A(H1N1) IAV caused the most catastrophic pandemic in 1918, continued to circulate from 1918 to 1957, and disappeared in 1957 [, ]. In 1977, A/USSR/90/1977 (US/77)–like A(H1N1) IAVs reemerged and infected people born after 1952 from 1977 to 1985 [, ]. In 1986, A/Taiwan/1/1986 (TW/86)–like A(H1N1) IAVs, which had dramatic antigenic and genetic differences from US/77-like IAVs, replaced the US/77-like IAVs [, ]. Interestingly, TW/86-like IAVs also caused disease mainly in individuals born after 1952, indicating that many US/77-primed adults were further infected with TW/86-like IAVs. In 1995, antigenically drifted A/Beijing/262/95 (BJ/95)–like viruses, containing a characteristic deletion at HA 130 (H1 numbering), were isolated in Asia []. BJ/95-like IAVs did not circulate in the Americas until they had evolved to A/New Caledonia/20/1999 (NC/99)–like viruses with additional mutations in and around the RBS []. Most of the US population born between 1996 and 2008 was primed with 1999–2008 A(H1N1) IAVs possessing the HA-130 deletion [, ]. In 2009, 1977–2008 A(H1N1) IAVs were replaced by A/California/07/2009 (CA/09) A(H1N1)pdm09 IAV [, ].
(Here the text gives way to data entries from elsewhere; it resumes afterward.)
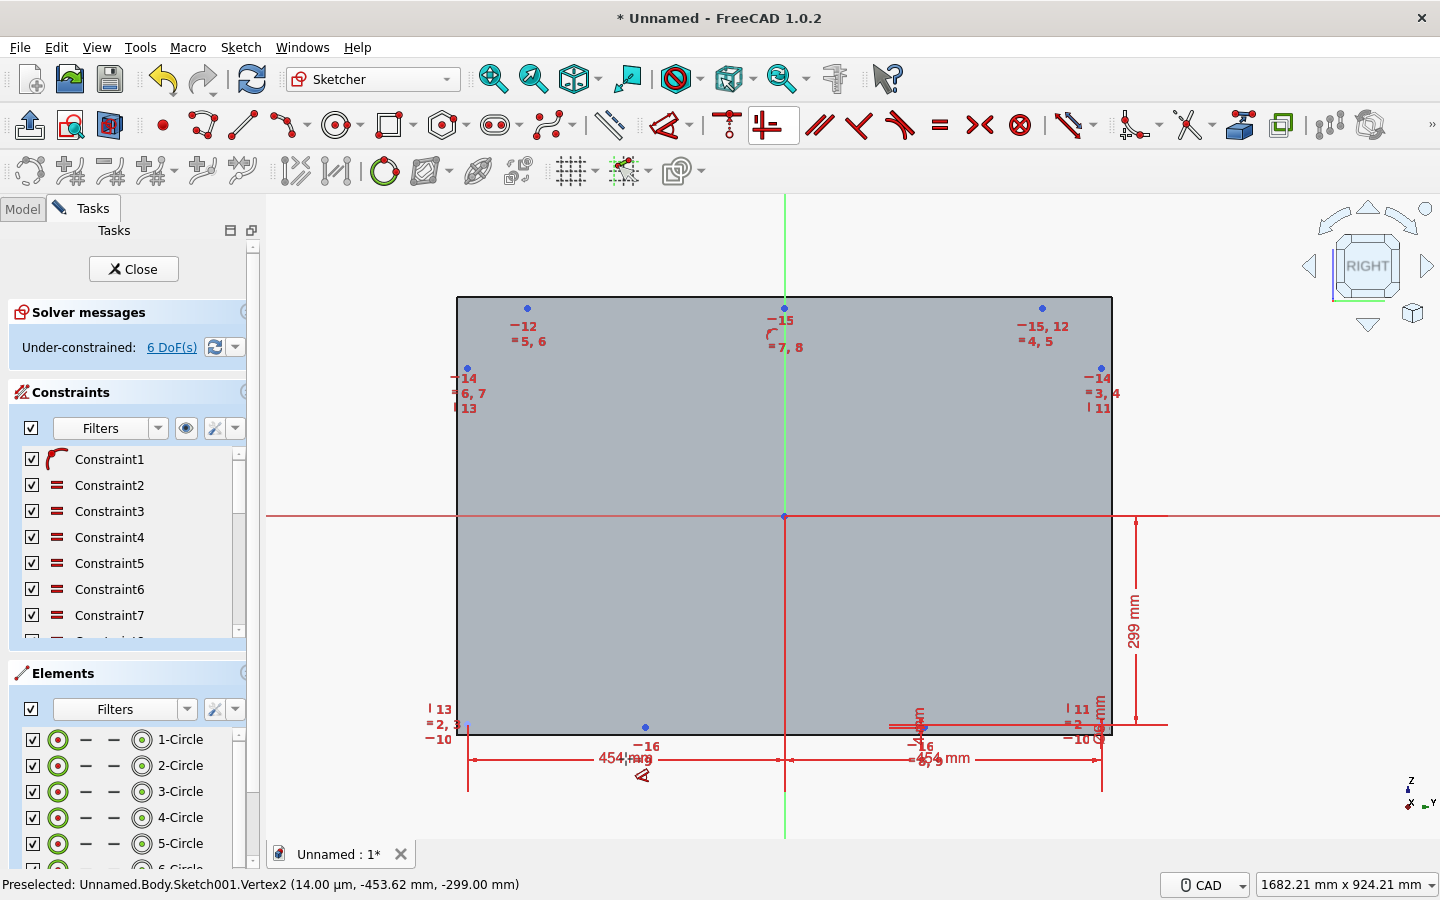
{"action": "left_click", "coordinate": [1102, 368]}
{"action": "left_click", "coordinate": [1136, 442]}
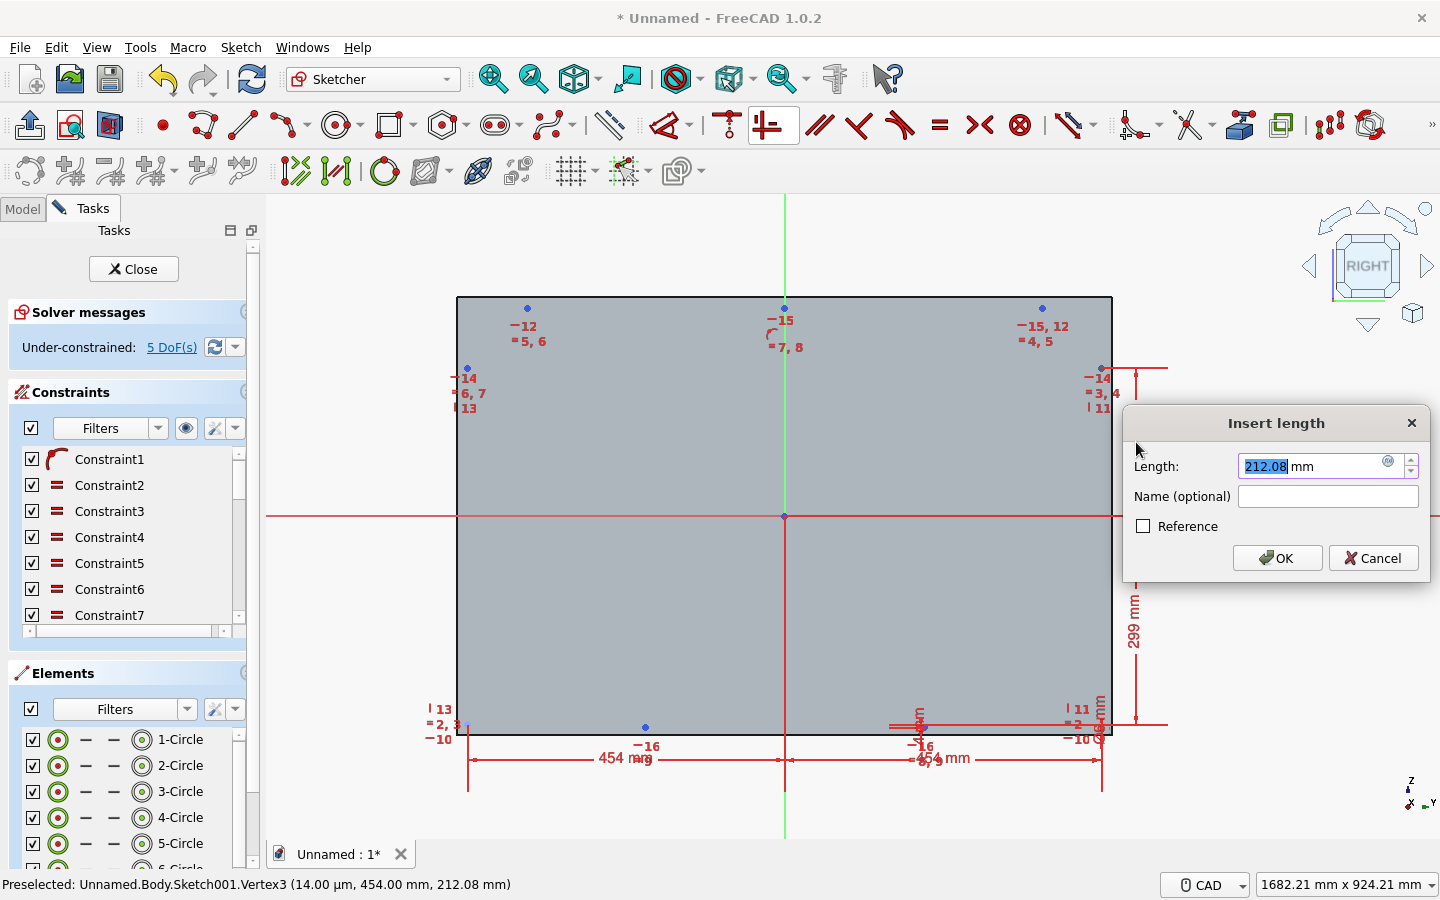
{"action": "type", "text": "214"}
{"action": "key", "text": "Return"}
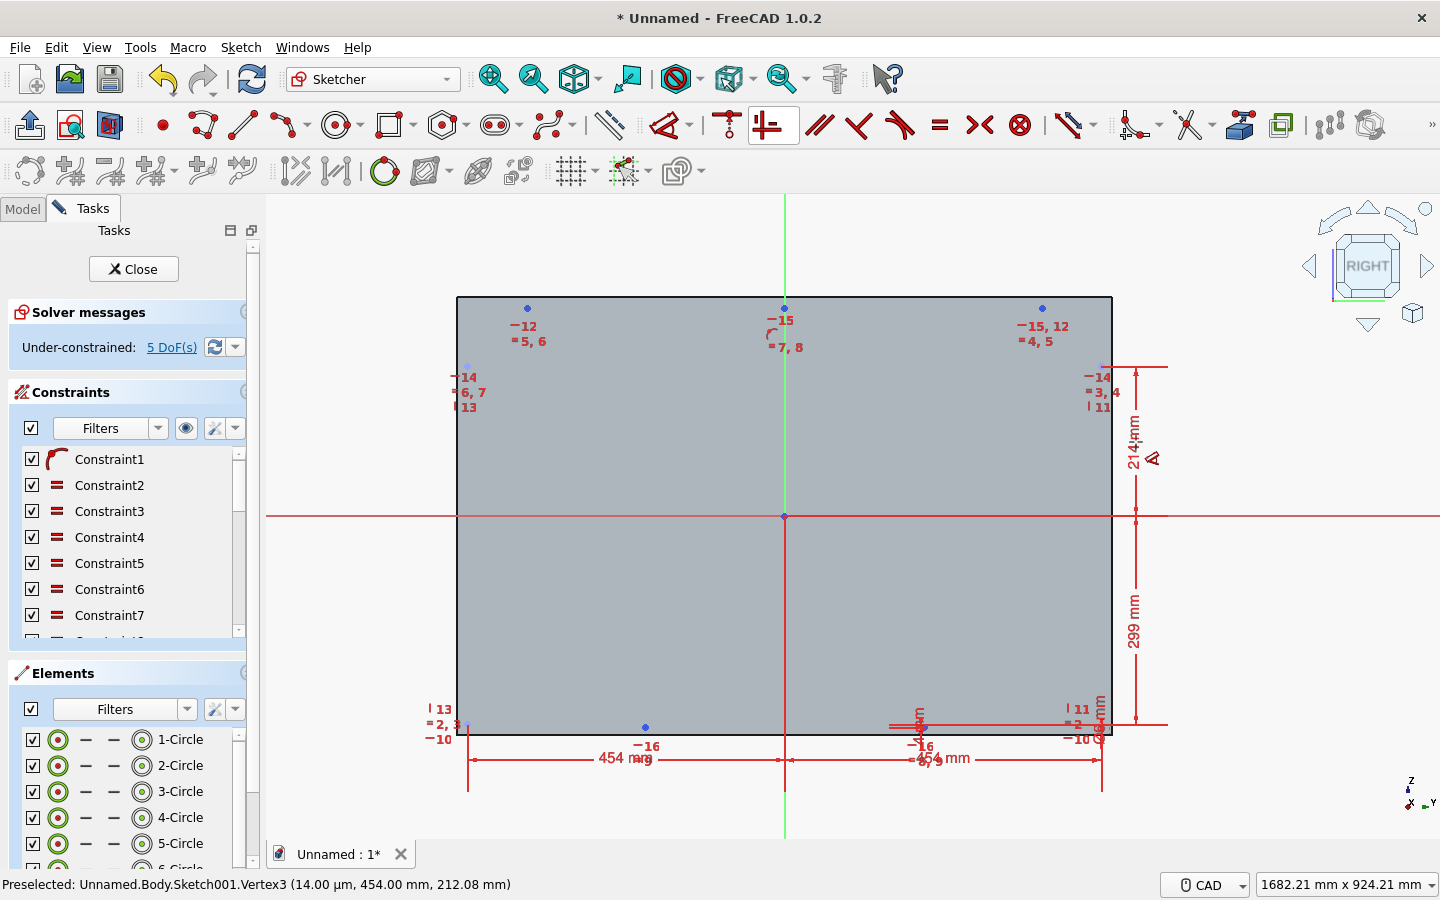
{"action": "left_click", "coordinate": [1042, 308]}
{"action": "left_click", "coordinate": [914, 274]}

First exposure with US/77-like viruses from 1977 to 1985 or TW/86-like viruses from 1986 to 1998 has a profound effect on age- and epitope-specific HAI-Ab responses to CA/09-like viruses [], a phenomenon called “original antigenic sin” []. First infection or vaccination with CA/09-like viruses in 2009 recalled memory B cells (MBCs) to produce lateral patch-targeted HAI-Abs involving HA K163 (K163-Abs) with or without the RBS-targeted HAI-Abs involving K130 (K130-Abs) in some adults primed with US/77-like virus [, , ]. By contrast, first infection with CA/09-like viruses recalled MBCs to produce HAI-Abs targeting the epitope possessing D127 and K130 in adults primed with TW/86-like virus [, , , ].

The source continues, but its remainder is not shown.